API Documentation: Organizations should provide clear and concise documentation for their APIs, including security requirements and best practices. This can help developers understand how to use the API securely and reduce the risk of vulnerabilities.
API Economy
API economy refers to the ecosystem of business models, tools, and services that have emerged around the use of APIs. APIs allow software systems to interact and share data with each other, creating new possibilities for revenue generation.
The API economy has created new business opportunities for organizations and developers in several ways:
New revenue streams: By exposing their data and services through APIs, companies can create new revenue streams by charging for access to their APIs or by monetizing the data generated through API usage.

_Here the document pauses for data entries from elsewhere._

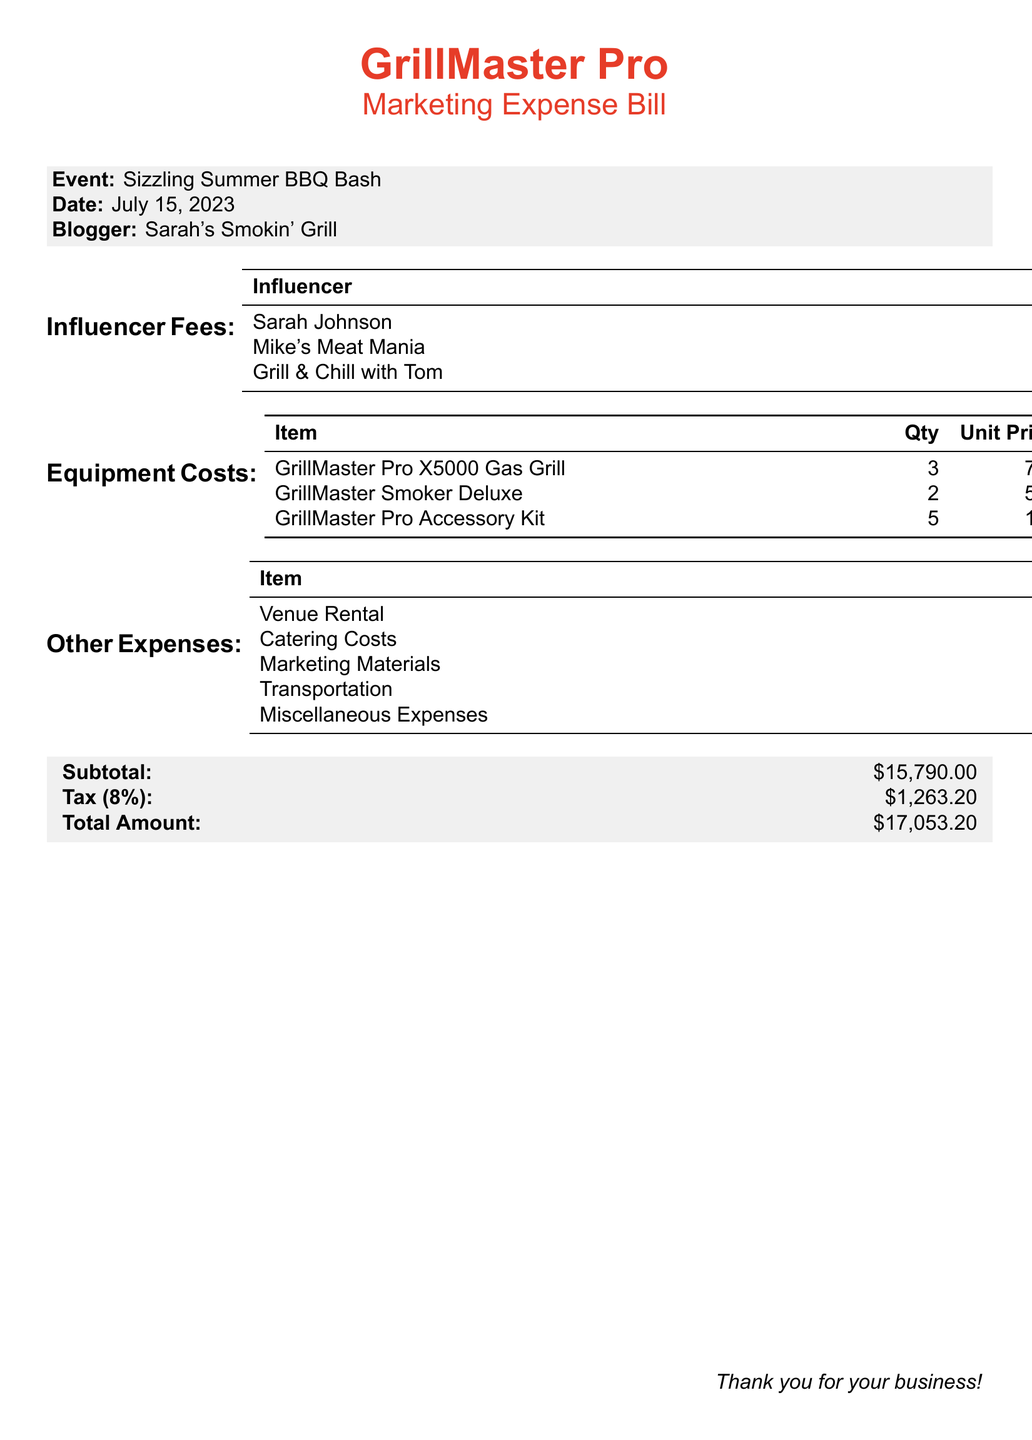what is the event name? The event name is listed at the top of the document under the event description.
Answer: Sizzling Summer BBQ Bash what is the total amount due? The total amount due is at the bottom of the document, summarizing all costs.
Answer: $17,053.20 how many units of the GrillMaster Pro X5000 Gas Grill were purchased? The quantity of this item is specified in the equipment costs section of the document.
Answer: 3 what is the influencer fee paid to Mike's Meat Mania? The fee for this influencer is detailed in the influencer fees table.
Answer: $1,800.00 what category does the venue rental expense fall under? Venue rental is categorized under other expenses in the document.
Answer: Other Expenses what is the subtotal of the expenses before tax? The subtotal amount is presented in the summary section at the bottom.
Answer: $15,790.00 how much was spent on marketing materials? The cost of marketing materials is listed in the other expenses section.
Answer: $800.00 who is the main blogger associated with the event? The main blogger is mentioned directly in the event description of the document.
Answer: Sarah's Smokin' Grill what is the tax rate applied to the subtotal? The tax rate is provided in the summary section, along with the tax calculation.
Answer: 8% 
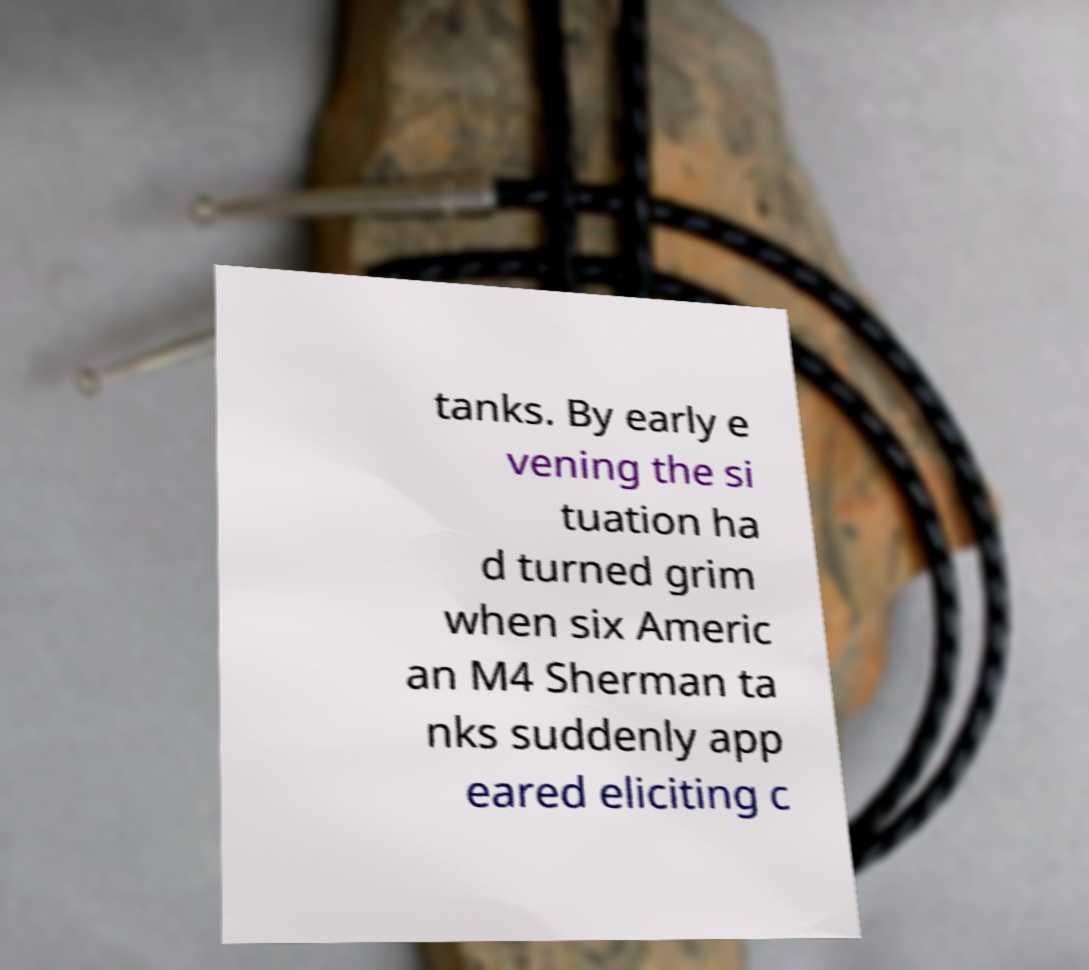Can you read and provide the text displayed in the image?This photo seems to have some interesting text. Can you extract and type it out for me? tanks. By early e vening the si tuation ha d turned grim when six Americ an M4 Sherman ta nks suddenly app eared eliciting c 
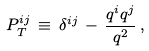<formula> <loc_0><loc_0><loc_500><loc_500>P _ { T } ^ { i j } \, \equiv \, \delta ^ { i j } \, - \, \frac { q ^ { i } q ^ { j } } { { q } ^ { 2 } } \, ,</formula> 
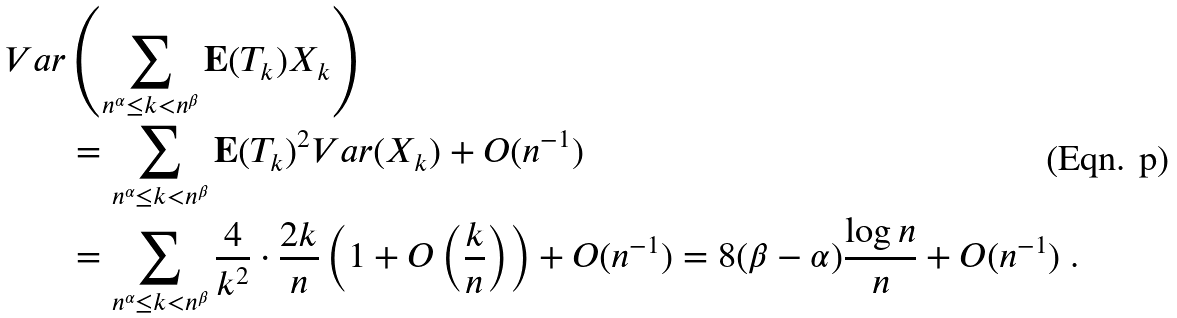Convert formula to latex. <formula><loc_0><loc_0><loc_500><loc_500>V a r & \left ( \sum _ { n ^ { \alpha } \leq k < n ^ { \beta } } \mathbf E ( T _ { k } ) X _ { k } \right ) \\ & = \sum _ { n ^ { \alpha } \leq k < n ^ { \beta } } \mathbf E ( T _ { k } ) ^ { 2 } V a r ( X _ { k } ) + O ( n ^ { - 1 } ) \\ & = \sum _ { n ^ { \alpha } \leq k < n ^ { \beta } } \frac { 4 } { k ^ { 2 } } \cdot \frac { 2 k } { n } \left ( 1 + O \left ( \frac { k } { n } \right ) \right ) + O ( n ^ { - 1 } ) = 8 ( \beta - \alpha ) \frac { \log n } { n } + O ( n ^ { - 1 } ) \ .</formula> 
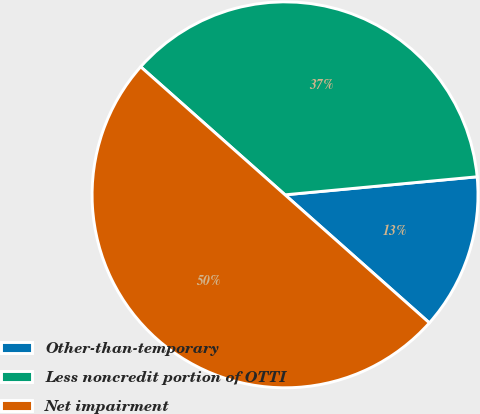Convert chart. <chart><loc_0><loc_0><loc_500><loc_500><pie_chart><fcel>Other-than-temporary<fcel>Less noncredit portion of OTTI<fcel>Net impairment<nl><fcel>13.04%<fcel>36.96%<fcel>50.0%<nl></chart> 
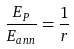Convert formula to latex. <formula><loc_0><loc_0><loc_500><loc_500>\frac { E _ { P } } { E _ { a n n } } = \frac { 1 } { r }</formula> 
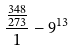<formula> <loc_0><loc_0><loc_500><loc_500>\frac { \frac { 3 4 8 } { 2 7 3 } } { 1 } - 9 ^ { 1 3 }</formula> 
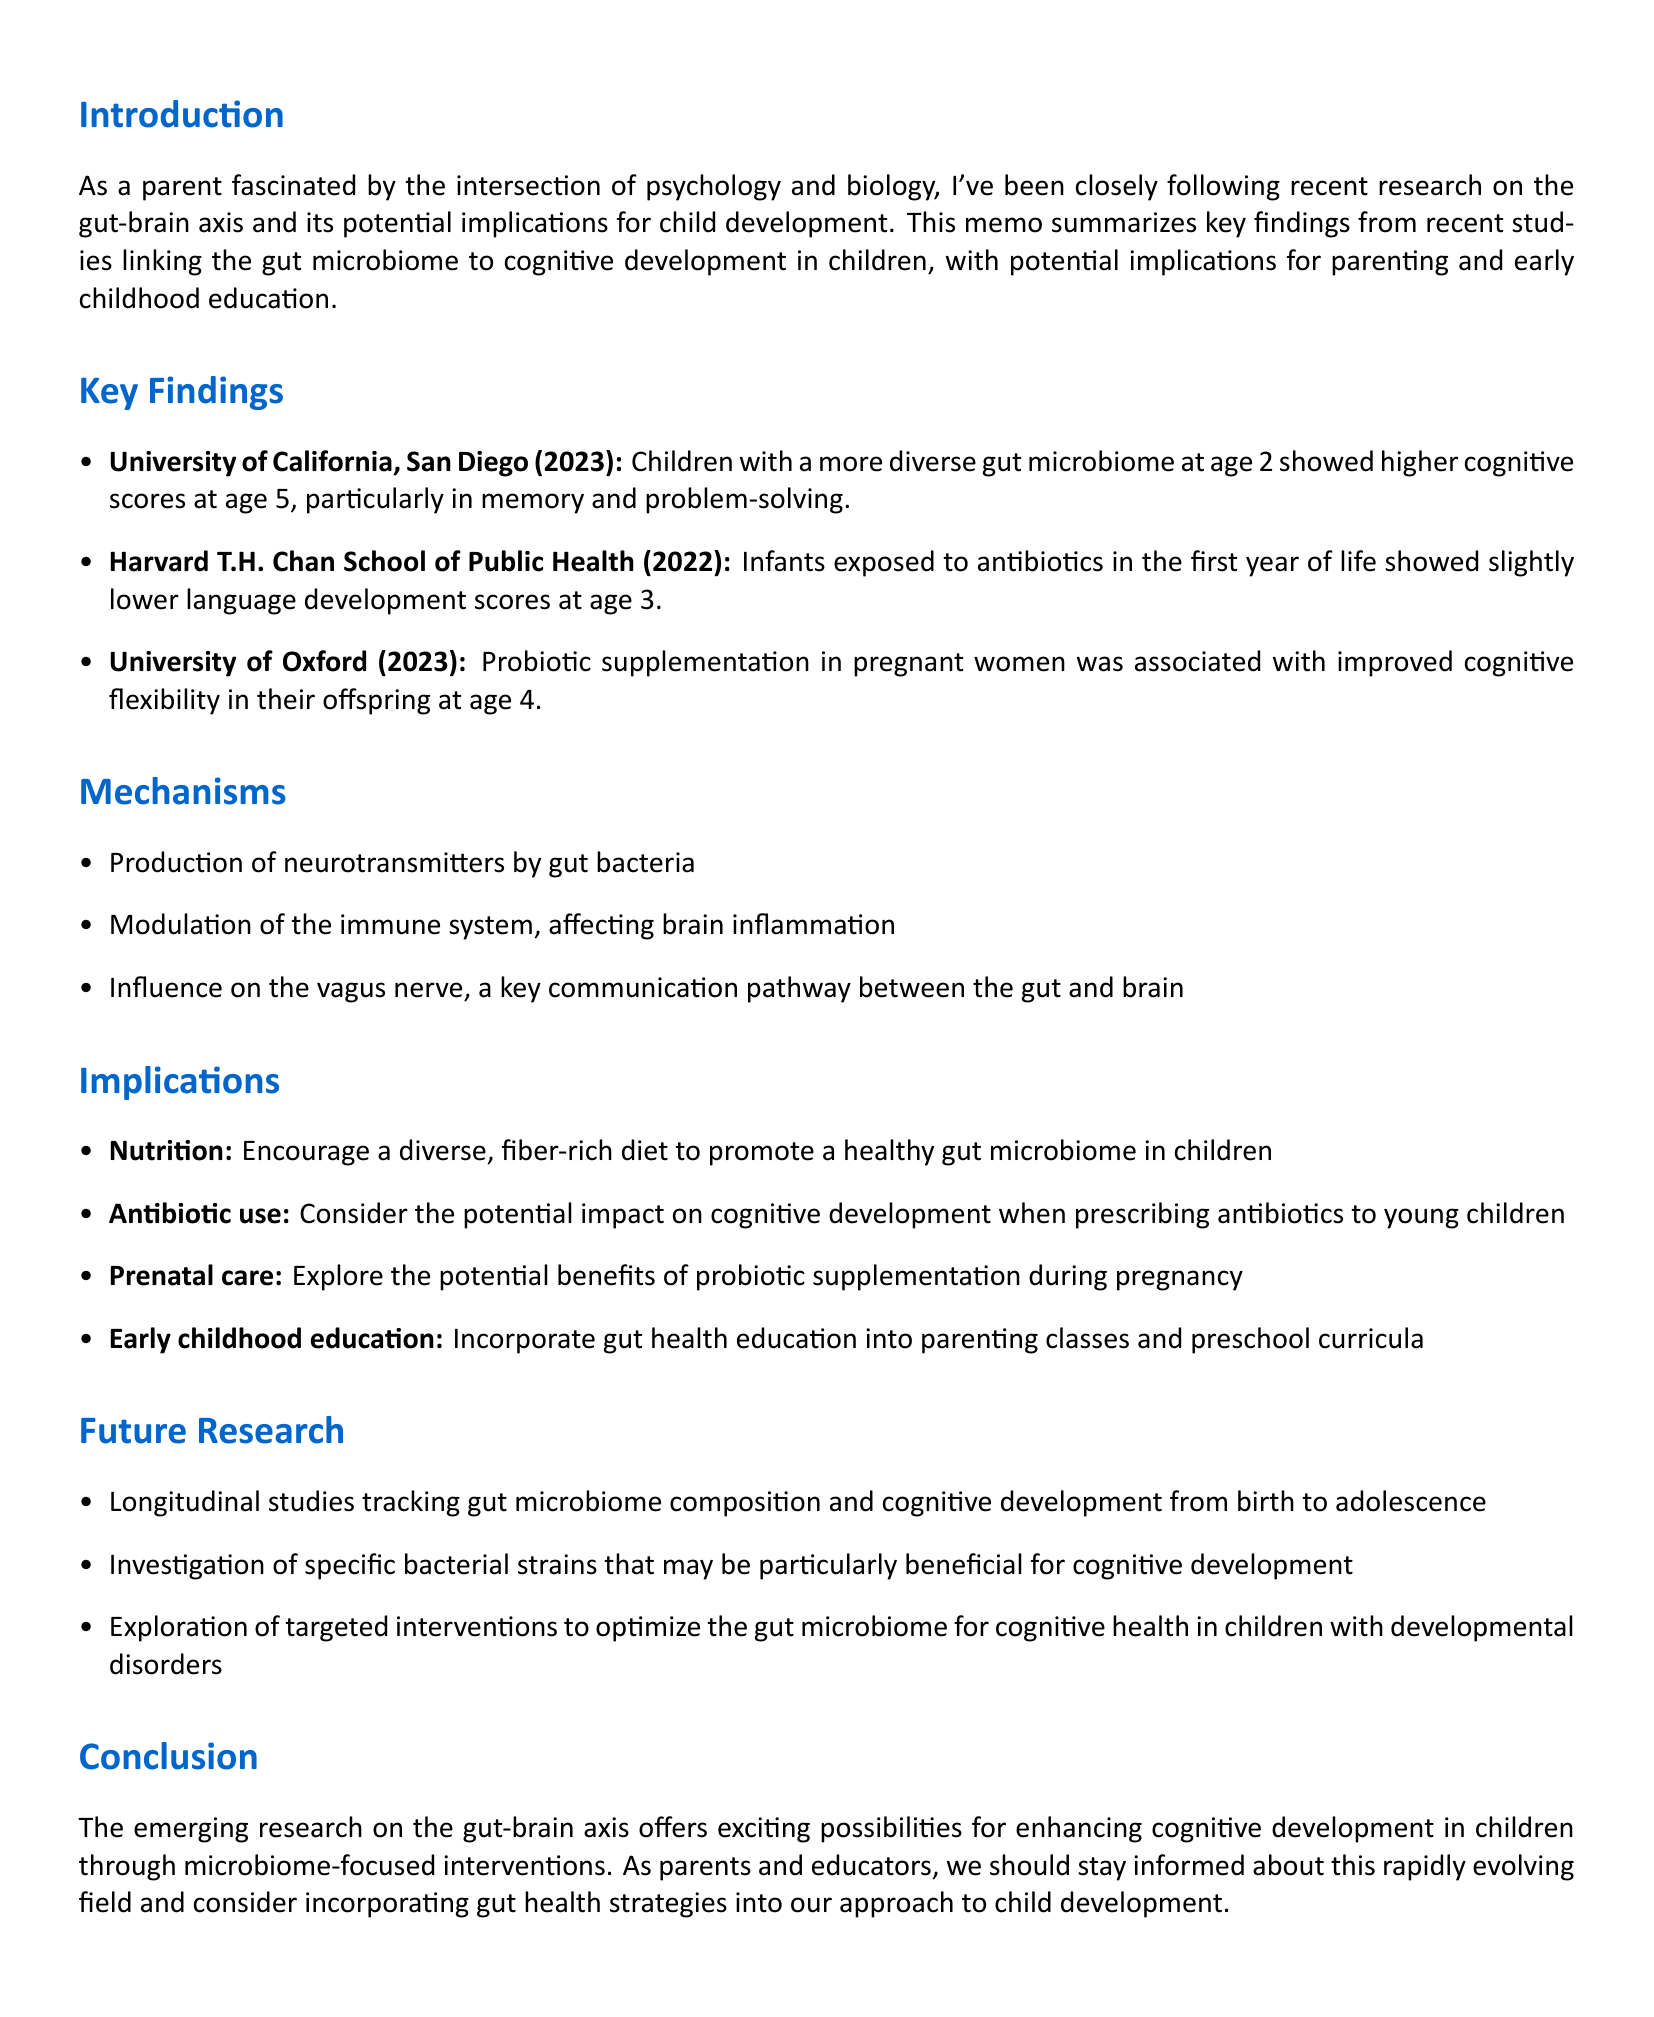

Increased innovation: By providing access to their APIs, companies can encourage developers to create innovative applications and services that integrate with their platform, expanding the reach and functionality of their product.
Improved customer experience: APIs can help organizations create a seamless customer experience by allowing them to integrate their services with other platforms and applications that their customers use.
Enhanced partnerships and collaborations: APIs can facilitate partnerships and collaborations between organizations by enabling them to easily share data and services with each other.
Conclusion
APIs have brought about mad innovation in today’s world. Having a basic understanding of how it works will give an insight into how most technologies around us work. This article was not intended to dive deep into the technicalities of creating APIs because its target audiences are techies and none techies alike. As a techie, look around, what next product can you build with APIs? You don’t need to start from scratch. Odds are, whatever information you need, it is just an API call away. As a non-techie, you can use pre-built integrations. Many software platforms, such as marketing tools, customer relationship management systems, and accounting software, offer pre-built integrations with other tools and services through APIs. As a non-techie, you can take advantage of these integrations to streamline your workflows and automate tasks.